Si entras a este blog es bajo tu absoluta responsabilidad. Nadie asegura que salgas vivo... o entero. Si imaginaste que aquellas pesadillas interminables que sufrí­as de niño cuando te daba fiebre eran horrorosas, prepárate para conocer una nueva dimensión de la palabra HORROR...

domingo, agosto 30, 2026

Ataque

Las palabras se confundían en la mente de la adolescente. Una mujer desconocida la detuvo en la calle y le empezó a gritar de la nada que era amante de su marido y que estaba destruyendo una familia. La niña, que apenas superaba los quince años y venía camino del colegio a su hogar con uniforme escolar miraba para todos lados tratando de entender qué estaba pasando. De la nada aparecieron dos escolares más que tomaron a la mujer por los hombros y la cintura y la subieron a un auto; tras ellos apareció un hombre adulto deshaciéndose en disculpas y explicando que su esposa estaba mal del cerebro y se les había escapado de la casa. El hombre miró con vergüenza a la escolar, puso en su mano un billete a modo de compensación y se subió al vehículo.
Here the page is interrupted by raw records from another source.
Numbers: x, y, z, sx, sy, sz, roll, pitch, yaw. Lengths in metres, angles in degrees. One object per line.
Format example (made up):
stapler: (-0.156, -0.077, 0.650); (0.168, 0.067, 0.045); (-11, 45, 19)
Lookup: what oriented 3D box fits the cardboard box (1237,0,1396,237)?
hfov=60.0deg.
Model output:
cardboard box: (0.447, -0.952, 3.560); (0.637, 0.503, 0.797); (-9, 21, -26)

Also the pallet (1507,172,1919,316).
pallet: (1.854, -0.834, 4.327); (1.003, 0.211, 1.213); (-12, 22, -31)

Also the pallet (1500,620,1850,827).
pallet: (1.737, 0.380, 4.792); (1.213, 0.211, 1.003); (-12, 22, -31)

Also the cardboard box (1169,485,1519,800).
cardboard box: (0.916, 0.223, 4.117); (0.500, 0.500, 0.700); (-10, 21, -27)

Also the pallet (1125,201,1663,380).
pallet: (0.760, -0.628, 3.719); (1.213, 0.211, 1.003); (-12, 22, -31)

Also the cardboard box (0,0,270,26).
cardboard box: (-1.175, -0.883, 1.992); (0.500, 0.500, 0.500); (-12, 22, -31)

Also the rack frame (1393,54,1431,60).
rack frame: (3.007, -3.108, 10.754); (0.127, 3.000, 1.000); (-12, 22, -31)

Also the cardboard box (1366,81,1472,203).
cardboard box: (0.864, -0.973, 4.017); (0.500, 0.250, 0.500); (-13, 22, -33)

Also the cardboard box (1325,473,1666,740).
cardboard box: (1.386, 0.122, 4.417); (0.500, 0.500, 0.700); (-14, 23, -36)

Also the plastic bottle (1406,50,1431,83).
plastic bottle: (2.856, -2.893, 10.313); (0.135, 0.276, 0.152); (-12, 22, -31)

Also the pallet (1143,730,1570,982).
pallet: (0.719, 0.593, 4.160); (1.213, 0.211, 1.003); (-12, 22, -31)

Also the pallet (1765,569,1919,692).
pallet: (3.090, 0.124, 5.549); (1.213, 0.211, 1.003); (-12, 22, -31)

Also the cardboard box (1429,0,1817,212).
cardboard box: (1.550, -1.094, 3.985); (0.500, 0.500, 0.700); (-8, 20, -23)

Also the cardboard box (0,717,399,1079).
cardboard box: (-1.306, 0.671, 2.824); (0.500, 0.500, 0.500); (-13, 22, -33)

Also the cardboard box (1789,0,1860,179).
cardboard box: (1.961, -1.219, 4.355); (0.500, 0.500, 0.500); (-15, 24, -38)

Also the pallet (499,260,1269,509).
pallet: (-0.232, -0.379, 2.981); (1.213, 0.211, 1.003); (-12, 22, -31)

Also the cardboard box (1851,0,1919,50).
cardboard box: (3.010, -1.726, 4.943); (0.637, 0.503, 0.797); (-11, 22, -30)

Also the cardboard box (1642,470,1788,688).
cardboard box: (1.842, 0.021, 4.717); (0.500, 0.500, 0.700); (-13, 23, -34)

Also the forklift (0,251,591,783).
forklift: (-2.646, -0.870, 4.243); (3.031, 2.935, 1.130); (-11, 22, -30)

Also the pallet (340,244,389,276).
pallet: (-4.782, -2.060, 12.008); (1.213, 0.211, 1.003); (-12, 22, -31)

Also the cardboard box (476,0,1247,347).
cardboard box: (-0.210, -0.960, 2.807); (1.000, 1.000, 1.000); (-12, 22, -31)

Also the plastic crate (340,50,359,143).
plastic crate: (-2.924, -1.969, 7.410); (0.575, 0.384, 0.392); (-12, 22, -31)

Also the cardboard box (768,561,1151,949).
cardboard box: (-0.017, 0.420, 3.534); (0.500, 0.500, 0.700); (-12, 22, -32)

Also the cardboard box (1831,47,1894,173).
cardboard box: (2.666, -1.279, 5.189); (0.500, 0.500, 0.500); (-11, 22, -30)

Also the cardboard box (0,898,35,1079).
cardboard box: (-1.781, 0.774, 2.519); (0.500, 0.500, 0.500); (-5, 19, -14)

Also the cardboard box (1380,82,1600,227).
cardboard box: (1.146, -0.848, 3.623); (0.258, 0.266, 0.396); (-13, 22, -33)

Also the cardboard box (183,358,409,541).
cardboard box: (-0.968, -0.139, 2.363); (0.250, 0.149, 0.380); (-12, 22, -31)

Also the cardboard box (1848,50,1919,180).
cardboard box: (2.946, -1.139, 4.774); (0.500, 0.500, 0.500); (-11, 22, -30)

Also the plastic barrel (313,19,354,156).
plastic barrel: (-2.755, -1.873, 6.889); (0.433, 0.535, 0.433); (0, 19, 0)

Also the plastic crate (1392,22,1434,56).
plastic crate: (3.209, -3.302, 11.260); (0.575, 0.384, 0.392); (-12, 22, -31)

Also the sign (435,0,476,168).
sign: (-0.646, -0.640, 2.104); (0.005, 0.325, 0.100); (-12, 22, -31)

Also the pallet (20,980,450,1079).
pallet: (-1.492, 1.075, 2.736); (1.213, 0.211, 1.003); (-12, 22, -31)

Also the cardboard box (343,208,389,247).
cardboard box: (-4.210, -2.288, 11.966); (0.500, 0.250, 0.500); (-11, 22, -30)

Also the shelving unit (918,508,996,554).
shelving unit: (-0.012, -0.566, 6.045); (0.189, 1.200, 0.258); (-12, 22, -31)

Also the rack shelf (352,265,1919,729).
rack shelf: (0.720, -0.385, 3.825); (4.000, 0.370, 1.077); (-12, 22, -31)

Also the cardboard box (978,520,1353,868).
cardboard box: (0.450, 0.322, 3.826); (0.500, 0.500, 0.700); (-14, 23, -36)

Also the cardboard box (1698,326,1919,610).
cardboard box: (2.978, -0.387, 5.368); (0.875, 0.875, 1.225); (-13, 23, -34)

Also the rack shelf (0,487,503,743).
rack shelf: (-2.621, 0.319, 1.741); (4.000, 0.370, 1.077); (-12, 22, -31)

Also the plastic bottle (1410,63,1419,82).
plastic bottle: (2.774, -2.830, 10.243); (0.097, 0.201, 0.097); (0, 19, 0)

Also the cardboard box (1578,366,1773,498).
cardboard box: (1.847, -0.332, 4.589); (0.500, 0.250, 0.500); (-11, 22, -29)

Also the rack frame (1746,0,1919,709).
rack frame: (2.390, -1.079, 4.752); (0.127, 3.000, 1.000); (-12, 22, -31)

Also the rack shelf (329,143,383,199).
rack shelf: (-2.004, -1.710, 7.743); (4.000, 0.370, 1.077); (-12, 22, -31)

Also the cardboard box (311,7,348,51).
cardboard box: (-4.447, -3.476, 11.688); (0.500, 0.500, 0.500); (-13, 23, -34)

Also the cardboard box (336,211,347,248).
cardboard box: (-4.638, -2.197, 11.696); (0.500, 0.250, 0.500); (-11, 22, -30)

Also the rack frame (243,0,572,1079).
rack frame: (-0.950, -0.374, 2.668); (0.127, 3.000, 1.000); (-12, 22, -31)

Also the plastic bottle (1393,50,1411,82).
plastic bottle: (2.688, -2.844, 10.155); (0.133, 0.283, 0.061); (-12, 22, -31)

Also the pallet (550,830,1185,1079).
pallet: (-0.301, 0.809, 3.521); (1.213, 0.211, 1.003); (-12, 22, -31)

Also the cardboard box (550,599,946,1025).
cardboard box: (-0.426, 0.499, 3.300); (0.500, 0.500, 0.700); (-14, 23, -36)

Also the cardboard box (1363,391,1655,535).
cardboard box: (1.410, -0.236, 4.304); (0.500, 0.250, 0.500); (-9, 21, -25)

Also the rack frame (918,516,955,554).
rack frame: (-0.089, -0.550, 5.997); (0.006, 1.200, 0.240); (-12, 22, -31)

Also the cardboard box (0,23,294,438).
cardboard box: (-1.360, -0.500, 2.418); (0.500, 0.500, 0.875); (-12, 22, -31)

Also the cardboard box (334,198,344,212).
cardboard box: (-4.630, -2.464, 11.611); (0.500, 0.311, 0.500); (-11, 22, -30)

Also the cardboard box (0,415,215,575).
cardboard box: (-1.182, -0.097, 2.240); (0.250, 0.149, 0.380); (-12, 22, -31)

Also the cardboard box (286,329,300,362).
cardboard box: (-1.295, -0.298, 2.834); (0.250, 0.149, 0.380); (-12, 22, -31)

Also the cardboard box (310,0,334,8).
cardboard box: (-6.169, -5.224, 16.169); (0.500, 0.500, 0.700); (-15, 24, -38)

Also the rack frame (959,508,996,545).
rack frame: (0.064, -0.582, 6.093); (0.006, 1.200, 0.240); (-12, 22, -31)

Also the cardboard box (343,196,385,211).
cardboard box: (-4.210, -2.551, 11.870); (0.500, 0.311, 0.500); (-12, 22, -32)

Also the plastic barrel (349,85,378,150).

La adolescente llegó a su casa, y antes de decir nada entró a su dormitorio, abrió el cajón del escritorio y dejó dentro el billete, junto con otros tantos que había recibido esa semana. Al llegar al comedor su madre la saludó y mientras le servía la once le preguntó cómo había sido su día; la adolescente le contó el incidente, la madre escuchó todo y bajó la cabeza. La muchacha empezó a sentirse desamparada hasta que llegó su hermana, dos años mayor, quien alcanzó a ver el incidente de su hermana con la mujer y antes que el vehículo partiera lo empezó a patear con violencia, para terminar golpeando a todos sus ocupantes. La hermana mayor le contó con lujo de detalles todo lo que le hizo al vehículo y sus ocupantes, lo que alegró a la adolescente y la hizo sentirse algo más protegida. El resto de la tarde ambas adolescentes la pasaron conversando de lo que le estaba pasando a la hermana menor: hacía cerca de un mes que gente en la calle se le acercaba a acusarla de cosas que no había hecho, para que luego algún familiar interviniera para aclarar la situación y compensarla económicamente. Las muchachas no entendían qué pasaba ni dónde buscar ayuda.

A la tarde siguiente ambas muchachas se fueron juntas a casa, pues la hermana mayor estaba decidida a proteger a la menor de cualquiera que intentara echarle a perder la tarde. A mitad de camino y al doblar una esquina se encontraron de frente con dos tipos enormes de mirada perdida que alcanzaron a bloquearles el paso por no más de dos segundos, para luego separarse y dejarlas pasar; las muchachas quedaron sorprendidas al ver la estatura de los hombres,y apuraron el paso como si ello fuera el presagio de algún problema. Dos cuadras más allá´un hombre gordo las detuvo y empezó a insultar a la menor: de inmediato la mayor se interpuso entre ambos siendo empujada y derribada por el tipo quien empezó a mover los brazos de modo amenazador. En ese momento aparecieron los dos hombres enormes quienes tomaron por los brazos al hombre gordo quien palideció. Al instante en el cerebro de ambas muchachas se escuchó la orden de avanzar sin mirar atrás. Las muchachas salieron corriendo; dos segundos después un destello iluminó todo a sus espaldas, pese a lo que no miraron atrás. Desde el plano superior un ser de luz miraba la escena, complacido: la maestra y la guerrera habían empezado a entender algo de sus misiones, y habían hecho caso a los guerreros de la luz, quienes se encargarían desde ese momento de proteger los planes de ambas elegidas de los ataques de la oscuridad.